What is required:
Read the listing below and copy out every line that holds "beginning".

──────── Input data ────────

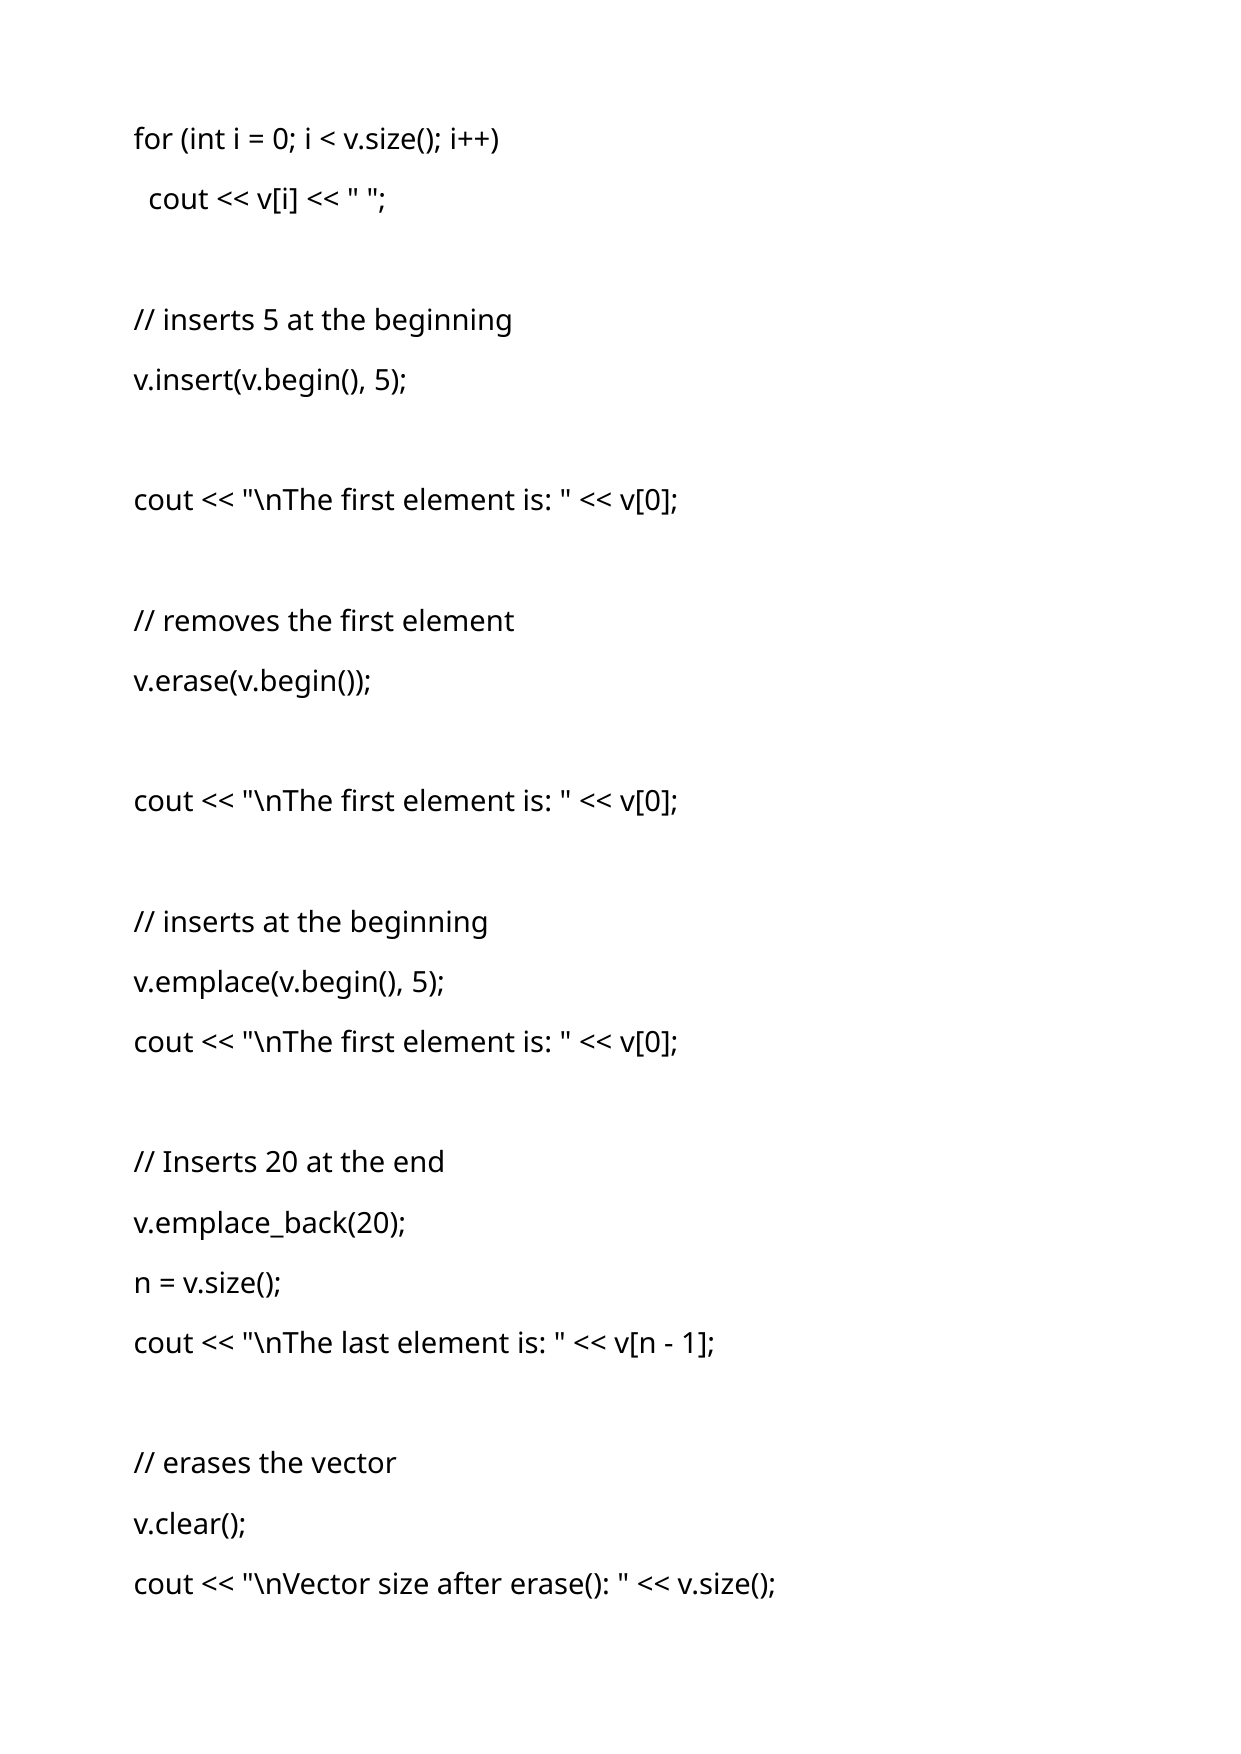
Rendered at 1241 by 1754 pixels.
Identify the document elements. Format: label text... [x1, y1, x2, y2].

text v.erase(v.begin()); [118, 660, 1122, 700]
text cout << v[i] << " "; [118, 178, 1122, 218]
text v.emplace_back(20); [118, 1202, 1122, 1242]
text cout << "\nVector size after erase(): " << v.size(); [118, 1563, 1122, 1603]
text cout << "\nThe last element is: " << v[n - 1]; [118, 1322, 1122, 1362]
text v.emplace(v.begin(), 5); [118, 961, 1122, 1001]
text v.insert(v.begin(), 5); [118, 359, 1122, 399]
text v.clear(); [118, 1503, 1122, 1543]
text // inserts at the beginning [118, 901, 1122, 941]
text cout << "\nThe first element is: " << v[0]; [118, 780, 1122, 820]
text n = v.size(); [118, 1262, 1122, 1302]
text cout << "\nThe first element is: " << v[0]; [118, 1021, 1122, 1061]
text // Inserts 20 at the end [118, 1142, 1122, 1181]
text // removes the first element [118, 600, 1122, 639]
text cout << "\nThe first element is: " << v[0]; [118, 479, 1122, 519]
text // erases the vector [118, 1443, 1122, 1482]
text for (int i = 0; i < v.size(); i++) [118, 118, 1122, 158]
text // inserts 5 at the beginning [118, 299, 1122, 338]

────────

Result:
text // inserts at the beginning [118, 901, 1122, 941]
text // inserts 5 at the beginning [118, 299, 1122, 338]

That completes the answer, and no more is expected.